Pavlik knows all that. He waits patiently. At last Lissek clears his throat. ‘Why are you asking me about the woman?’
‘Because her name is driving me mad.’
‘I’ve never heard it before.’ The rain trickles down his collar, reminding him of a different rain man
y winters ago and making him shiver. ‘How’s Demirci coping?’
‘Outstandingly, like you.’
The undertone doesn’t escape Lissek. ‘But?’
‘She’s asked to see the Internal Affairs report on André.’
‘I’d have done that in your place too.’
‘Bullshit,’ Pavlik growls.
‘How long have we known each other?’
‘A few days.’
‘And how many times have we been wrong?’
Pavlik doesn’t need to answer.
‘So don’t say it’s impossible.’
‘Enjoy your retirement, old man.’
‘Who are you raging at, Demirci or yourself?’
‘The whole world.’
‘Rage isn’t a useful counsellor.’
‘I’ve got to go.’
‘One more thing, my friend: we’ve always sorted things out in our own way. If it’s true and you find yourself up against him, don’t give him a single chance. He’s too good for that.’
31
Holm opens a door. Even before she feels her way down the steps with her hands bound, even before she notices the musty smell, even before her bare feet touch the icy floor, Aaron knows they lead to the basement.
‘A suitable place for the two of us, don’t you think? Put your hands above your head.’
She does it. Bumps into something dangling above her. Holds it tightly.
‘You see: the lightbulb is cold. I’m as blind as you are. It will help us both to concentrate. You are longing for a cigarette. Those days are gone. You should be aware that you will never again have that taste on your tongue. It’s time to talk about loss.’
The cold gnaws its way through her body like an animal.

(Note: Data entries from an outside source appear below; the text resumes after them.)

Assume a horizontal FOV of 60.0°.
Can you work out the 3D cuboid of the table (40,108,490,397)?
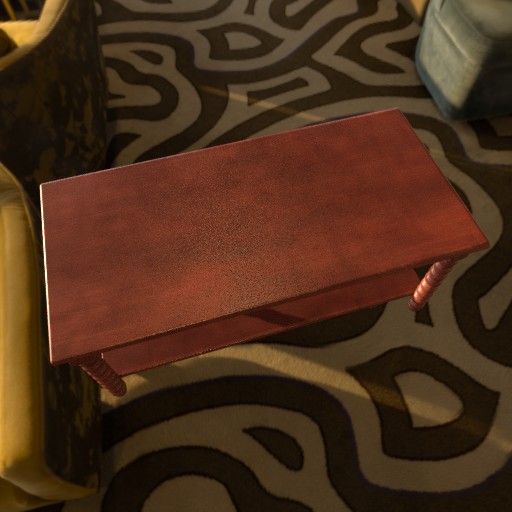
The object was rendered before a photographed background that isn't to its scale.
[{"bbox_3d":[0.000,0.000,1.464,1.171,0.485,0.580,-14,60,-9],"label":"table"}]
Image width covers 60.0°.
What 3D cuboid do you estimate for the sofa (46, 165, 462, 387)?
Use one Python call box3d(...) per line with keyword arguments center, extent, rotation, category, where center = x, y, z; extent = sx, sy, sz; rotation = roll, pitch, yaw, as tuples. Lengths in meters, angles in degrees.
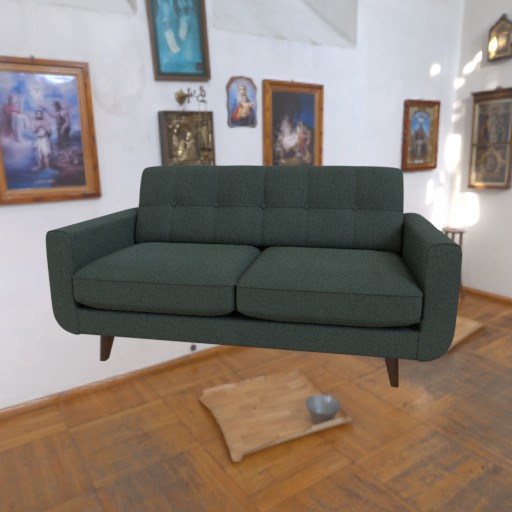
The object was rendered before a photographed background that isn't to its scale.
box3d(center=(0.000, 0.000, 2.125), extent=(1.631, 0.841, 0.909), rotation=(2, 13, 10), category="sofa")
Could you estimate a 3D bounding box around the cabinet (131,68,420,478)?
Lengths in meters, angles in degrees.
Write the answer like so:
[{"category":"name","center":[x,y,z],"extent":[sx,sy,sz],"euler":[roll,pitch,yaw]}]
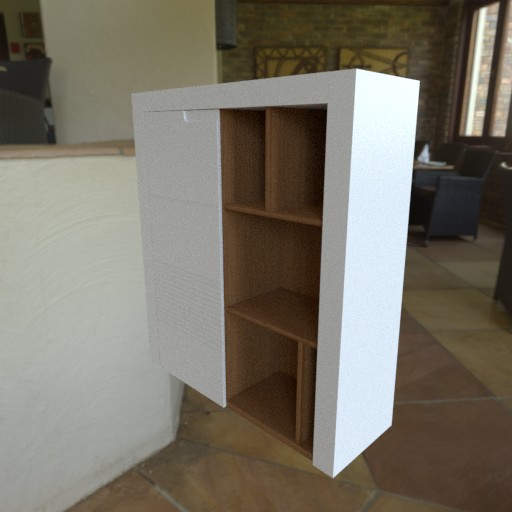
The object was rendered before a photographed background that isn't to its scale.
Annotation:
[{"category":"cabinet","center":[0.000,0.000,1.616],"extent":[0.990,1.150,0.348],"euler":[15,22,43]}]
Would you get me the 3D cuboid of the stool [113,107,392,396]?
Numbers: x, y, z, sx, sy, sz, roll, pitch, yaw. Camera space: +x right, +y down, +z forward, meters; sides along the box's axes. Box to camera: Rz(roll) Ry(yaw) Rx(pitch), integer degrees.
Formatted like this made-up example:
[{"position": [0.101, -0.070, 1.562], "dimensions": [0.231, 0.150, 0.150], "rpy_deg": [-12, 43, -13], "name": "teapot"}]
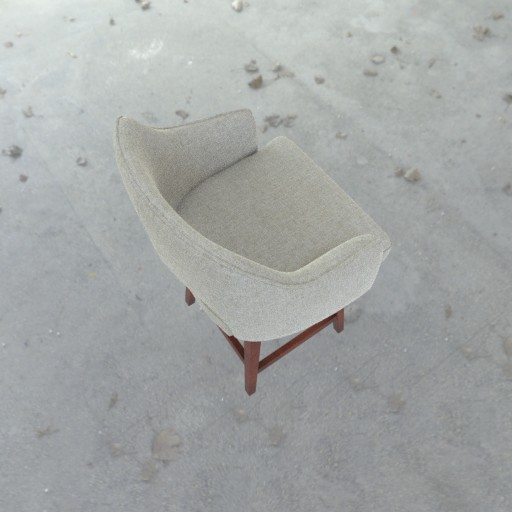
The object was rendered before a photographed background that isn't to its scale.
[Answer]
[{"position": [0.000, 0.000, 1.306], "dimensions": [0.558, 0.944, 0.599], "rpy_deg": [-31, 63, -17], "name": "stool"}]
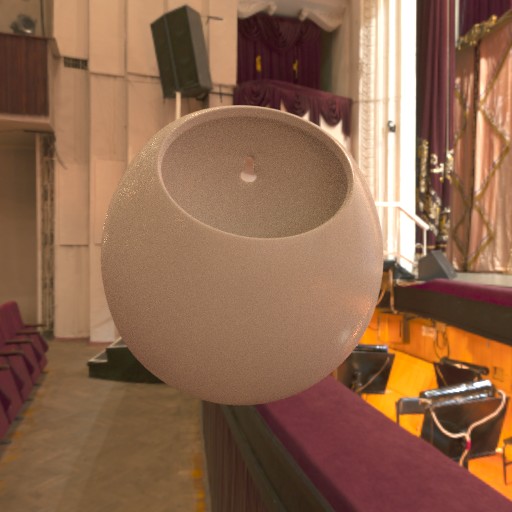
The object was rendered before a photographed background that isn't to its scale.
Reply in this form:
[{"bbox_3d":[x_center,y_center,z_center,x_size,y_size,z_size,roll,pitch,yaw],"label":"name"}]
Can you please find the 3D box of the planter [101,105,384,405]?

‘I’ve taken your coat away. You are barefoot, you are freezing.’ He takes her hands and presses them against his naked chest. ‘Another thing we share. You have lots of questions. I want to answer them. The first is: what link was there between me and Ilya Nikulin?’ Holm lets go of her hands but stays close in front of her. ‘And I need to see him with the eyes of the twenty-year-old boy. He lived in a big house on Lake Geneva, he had a lot of servants, a beautiful boat, elegant cars. I saw him issuing a cheque for a hundred million dollars. But all his possessions, the industrial subsidiaries he acquired, the politicians he bought, were not the result of greed. Nikulin didn’t accumulate these things to fill a void. Do you know why he did it?’